Выходит, они и вправду умнее?! Ни при чем тут мужской шовинизм?!

И она спросила:

– А равноправие?

– С этим беда, – весело ответила Малышева. – Причем именно на уровне конструкции, устройства.

Пока мы не поправим конструкцию в целом, они все равно будут умнее нас. Все гении – мужчины. Главное, про это и так было известно, а сейчас просто нашлось научное объяснение. Так что твой оператор все равно умнее тебя, по крайней мере, потому, что он мужчина.

Алина категорически не желала признавать, что Ники Беляев умнее ее.

– А вдруг я Мария Кюри и мой мозг тяжелее всех мужских мозгов, вместе взятых?

– Ну, это вряд ли, – безмятежно сказала Лена. – Судя по тому, как ты разошлась из-за Баширова и из-за этих посланий, ты как раз и есть типичная женщина.

Тобой управляет твой гормональный статус.

– Тьфу на тебя, Малышева.

– Но это научный факт. Мужчины гораздо более пригодны для творческой и всякой такой работы, чем женщины. Женщины пригодны для каких-то простых и объяснимых действий. Академик Серегин мне сказал, что для женщины самая подходящая работа – это, например, надзиратель в тюрьме. Всех построил, всем раздал задания, потом проверил их выполнение и выдал обед. Все.

Тут Алина заподозрила, что Малышева над ней смеется, но та не смеялась.

– Так что поговори с этим Беловым…

– Беляевым.

– Поговори с ним еще раз. Скорее всего, это правильно – вряд ли в программе сидят все сорок человек как раз в тот момент, когда ты получаешь эти гнусные послания. А из остальных вполне можно выбрать подходящего. Только ты обязательно с ним посоветуйся.

Из-за его лишних пятидесяти граммов.

– Ленка!

– И найми охранника.

– Не буду.

– Тогда попроси Ахмета. Пусть он тебе даст своего.

– Лен, я никогда и ни о чем не стану просить Баширова. Он просто мой друг и больше ничего. Он и его жена. Они прекрасная пара, и вообще все эти слухи…

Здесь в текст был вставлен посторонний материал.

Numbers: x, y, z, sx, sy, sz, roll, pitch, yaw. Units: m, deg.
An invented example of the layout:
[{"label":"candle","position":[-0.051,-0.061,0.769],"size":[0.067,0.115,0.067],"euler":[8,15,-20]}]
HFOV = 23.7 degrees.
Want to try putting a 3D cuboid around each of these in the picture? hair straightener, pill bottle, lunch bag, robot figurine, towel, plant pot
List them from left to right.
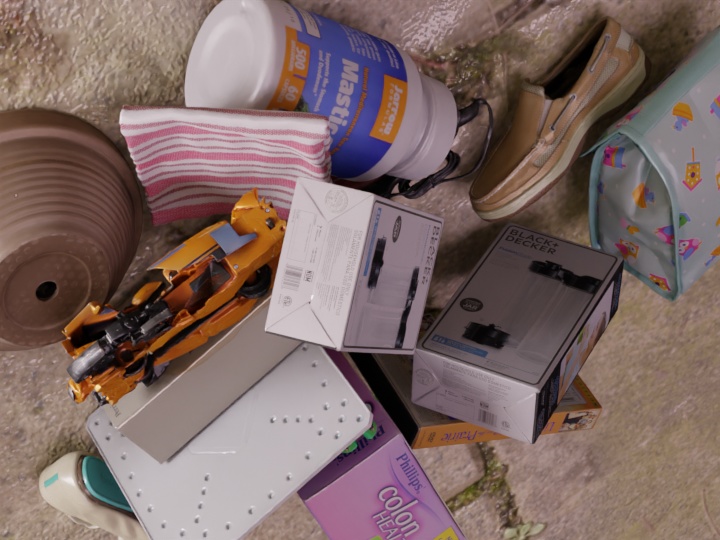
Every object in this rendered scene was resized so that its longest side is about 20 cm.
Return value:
[{"label":"plant pot","position":[-0.245,-0.009,1.264],"size":[0.199,0.093,0.202],"euler":[-18,132,-20]},{"label":"robot figurine","position":[-0.137,0.026,1.264],"size":[0.199,0.058,0.145],"euler":[-35,166,-7]},{"label":"towel","position":[-0.093,-0.073,1.251],"size":[0.145,0.030,0.200],"euler":[1,164,-1]},{"label":"pill bottle","position":[-0.024,-0.131,1.300],"size":[0.199,0.112,0.113],"euler":[14,115,-39]},{"label":"hair straightener","position":[0.031,-0.078,1.435],"size":[0.199,0.041,0.077],"euler":[-35,135,-11]},{"label":"lunch bag","position":[0.283,-0.104,1.494],"size":[0.170,0.122,0.201],"euler":[-41,143,-20]}]

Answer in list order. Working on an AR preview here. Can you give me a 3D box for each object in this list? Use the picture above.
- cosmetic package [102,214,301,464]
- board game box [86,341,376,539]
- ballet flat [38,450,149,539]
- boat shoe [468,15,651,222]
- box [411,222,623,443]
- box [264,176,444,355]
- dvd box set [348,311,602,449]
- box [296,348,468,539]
[{"label":"cosmetic package","position":[-0.123,0.045,1.376],"size":[0.200,0.104,0.073],"euler":[-41,140,0]},{"label":"board game box","position":[-0.106,0.125,1.380],"size":[0.200,0.200,0.026],"euler":[-41,139,1]},{"label":"ballet flat","position":[-0.201,0.211,1.492],"size":[0.069,0.070,0.200],"euler":[-46,133,6]},{"label":"boat shoe","position":[0.155,-0.133,1.454],"size":[0.200,0.072,0.076],"euler":[-49,125,-5]},{"label":"box","position":[0.136,0.049,1.466],"size":[0.200,0.116,0.060],"euler":[-48,149,-45]},{"label":"box","position":[0.000,0.000,1.285],"size":[0.200,0.060,0.118],"euler":[15,88,-73]},{"label":"dvd box set","position":[0.098,0.092,1.526],"size":[0.199,0.147,0.030],"euler":[-3,131,-32]},{"label":"box","position":[-0.019,0.151,1.458],"size":[0.096,0.200,0.176],"euler":[-35,136,-5]}]

– Наплевать на слухи, – перебила Малышева, – он просто тебе поможет, и все. И потом, он-то как раз в курсе, что ты с ним не спишь! В этом его преимущество перед всеми остальными людьми, если не считать лишних пятидесяти граммов.

Телефон, висевший на шее у Алины, издал пронзительный писк и осветился фиолетовым светом. Сообщение.

Алина нажала кнопку и прочитала. Послание было от редакторши.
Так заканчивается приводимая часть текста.